→ **DESCRIPTION OF THE TASK**: Leave out the pictures and repeat the entries below verbatim.

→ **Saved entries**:
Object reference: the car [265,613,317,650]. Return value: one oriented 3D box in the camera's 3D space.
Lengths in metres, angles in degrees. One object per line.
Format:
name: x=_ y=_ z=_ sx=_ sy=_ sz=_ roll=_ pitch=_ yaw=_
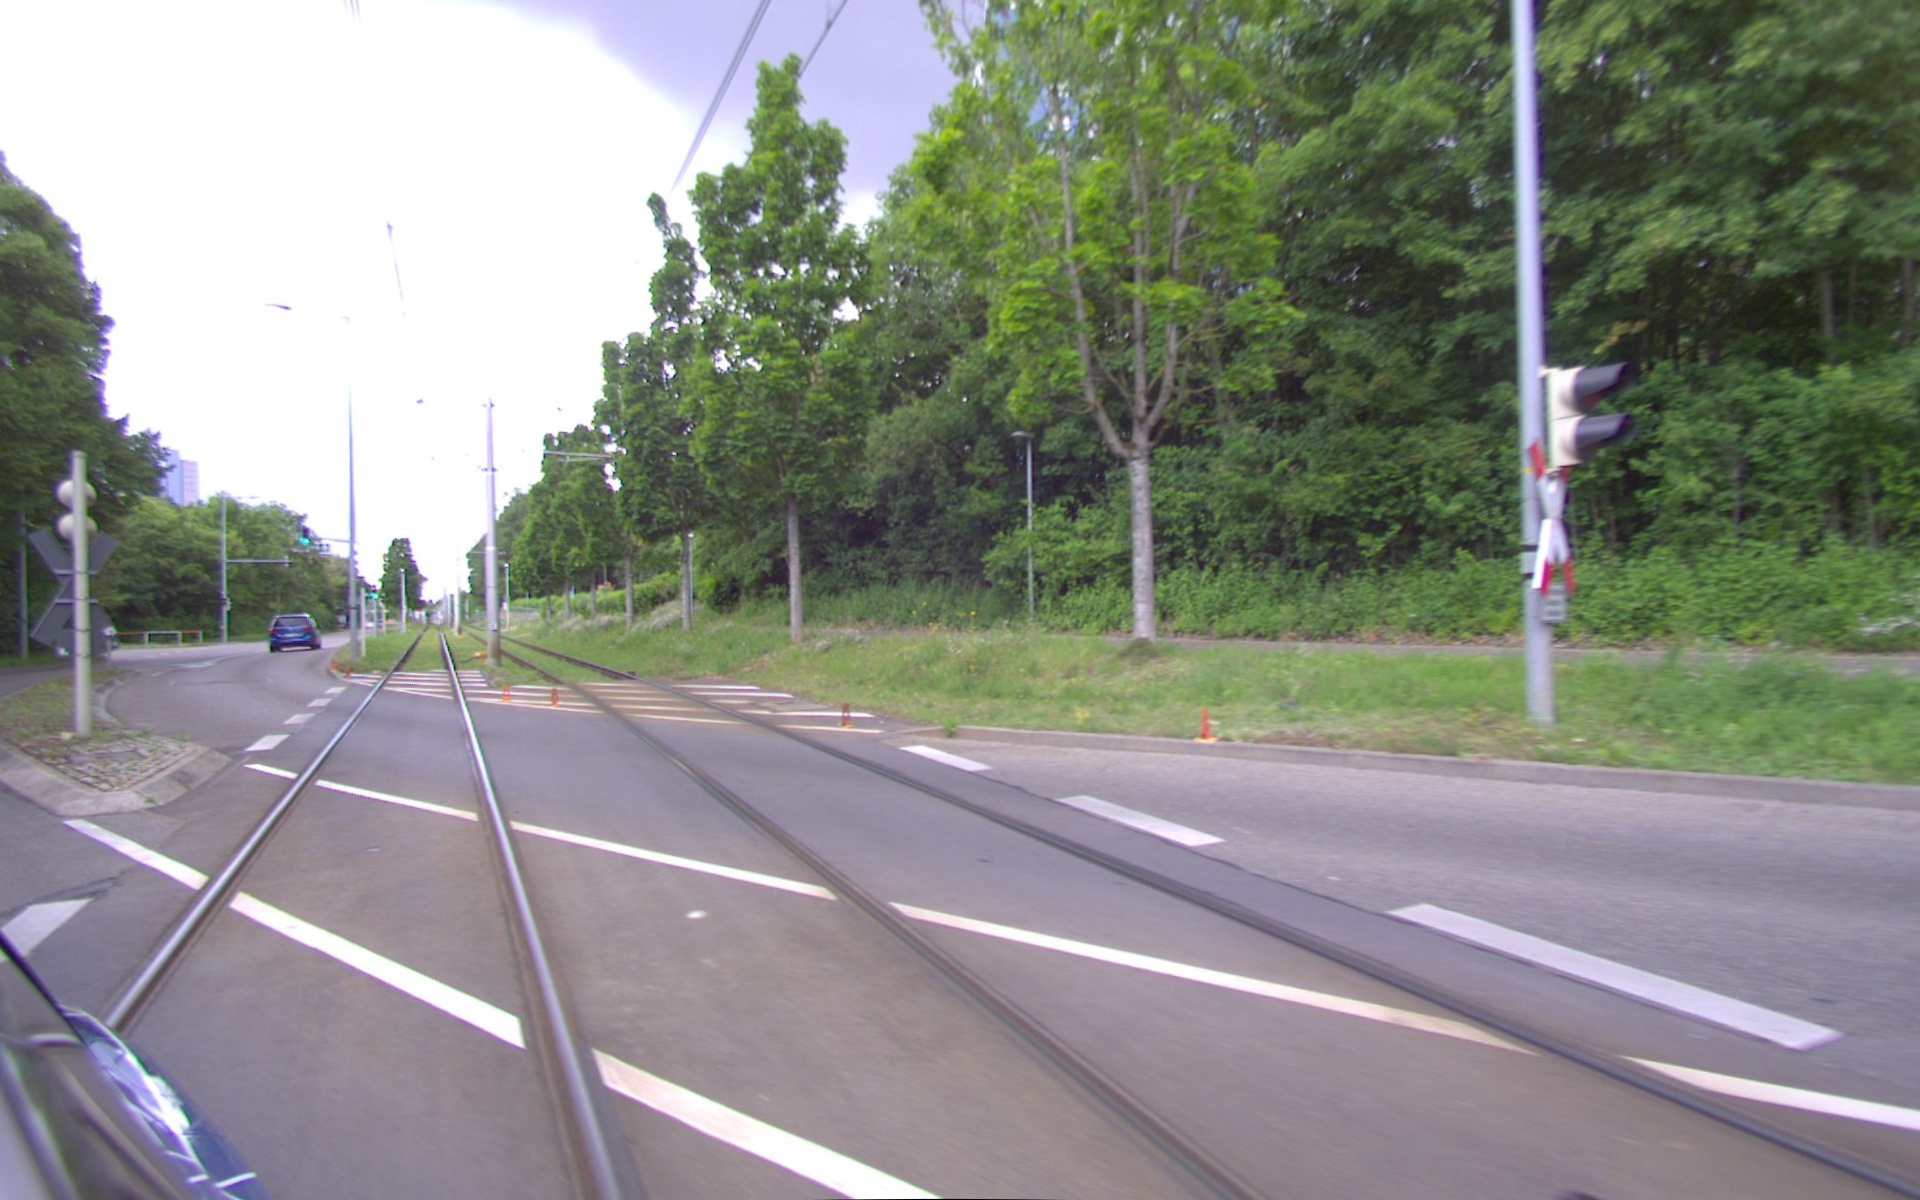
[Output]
car: x=-30.363 y=1.448 z=46.036 sx=1.842 sy=1.532 sz=4.250 roll=-2 pitch=-1 yaw=-32

→ **ANSWER SPACE**:
Object reference: the car [265,613,317,650]. Return value: one oriented 3D box in the camera's 3D space.
Lengths in metres, angles in degrees. One object per line.
Format:
name: x=_ y=_ z=_ sx=_ sy=_ sz=_ roll=_ pitch=_ yaw=_
[Output]
car: x=-30.363 y=1.448 z=46.036 sx=1.842 sy=1.532 sz=4.250 roll=-2 pitch=-1 yaw=-32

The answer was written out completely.